How me-oriented are we as communicators? Allow me to introduce my newest creation. I’m calling it the “unrequited dangle.”

I’ll start with a real life example. This actually happened. I shit you not.

Person A: Someone very close to me died yesterday.
Person B: Did you see my new shoes? What do you think?

One person is feeling vulnerable and shares a delicate thought. They dangle the bait hoping to catch a sincere moment of intimacy. I guess. I mean, why else say something like that?

The other person may actually care about the speaker. It’s unclear from this example. Let’s go out on a limb and assume that they do. (The alternative is that they are merely a pure selfish asshole and, although likely, isn’t particularly useful to the point at hand that I’m trying to make.) Assuming the person actually cares, what just happened?

Their “me bubble” was so powerful that the pain and hurt of the other person did not penetrate. It simply bounced off. This me-oriented communicator is literally unaware of the message that was sent in their direction. In strict technical terms, communication did not take place.

My daily life is replete with these moments of unrequited dangles. Granted, most of these happen with people who are flaming assholes, but some are sincere friends and the assumption is that they actually care. What then? These damaged communicators aren’t even aware of what they do.

My wife and her friend are both really good cooks. They recently put out a seven-course meal for some friends. It was an evening of small plates complete with wine pairings. The way she told the story to me it sounded like an episode of Top Chef. Each dish was brought out, described along with the wine pairing.

As people who know my wife learned of this, an unintended science experiment was the result. In three separate cases, my wife was approached and asked about the seven-course evening.

In one case, she was only able to describe one dish, the first, before that prompted the person asking to interrupt and launch into a grand telling of a story of her own. That person never thought, at any point, to ever return to what my wife had to say. Score: 1 out of 7.

The second experience was similar, except my wife was able to describe three courses before the same thing happened. Score: 3 out of 7.

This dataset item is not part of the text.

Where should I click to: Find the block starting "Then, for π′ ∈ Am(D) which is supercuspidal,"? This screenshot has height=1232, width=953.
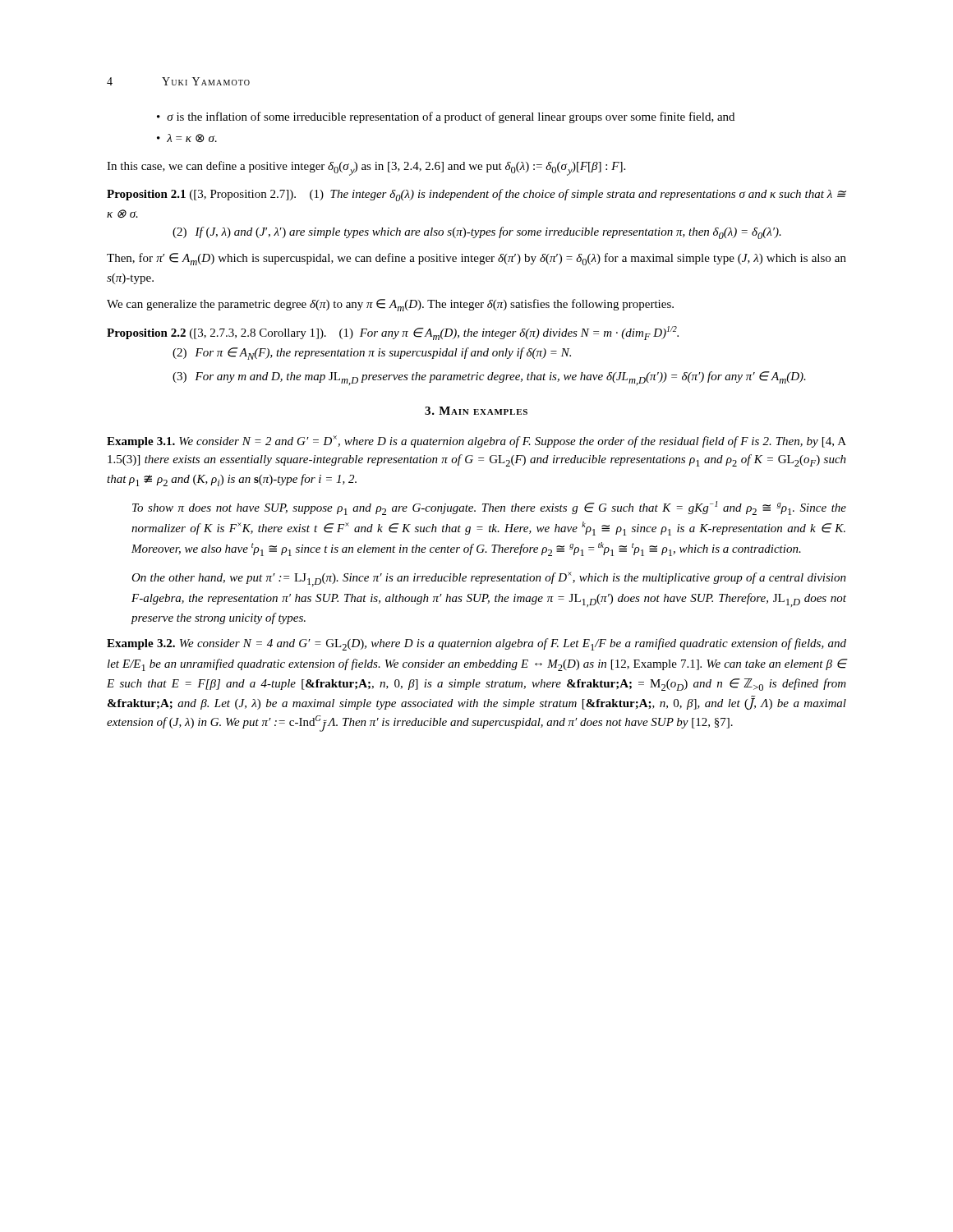pos(476,268)

Now, here’s the wacky part. The third experience was with a gerbil. This young person is a friend of our son’s and has frequently graced the pages of this blog. He asked about the dinner and … get this … he listened as my wife described them all. All! Mothafucka! Score: 7 out of 7.

This gerbil, who figured prominently in The Adventure of the Raspberry Bar (still unsolved!), who has lived at home since graduating high school, who has a medical marijuana card and is on food stamps and has never held down a job – he was the only one willing to allow another human being the courtesy of relating the whole story when asked. My wife’s so-called friends came up woefully short.

Final score: 10 out of 21. That’s a scientifically-computed listening rate of less than 50 percent. Conclusion: Humans are doomed.

We all think we’re the center of the universe – and we treat each other just like that. Truth be told, however, we’re not quite as important as we like to think. Not by a long shot.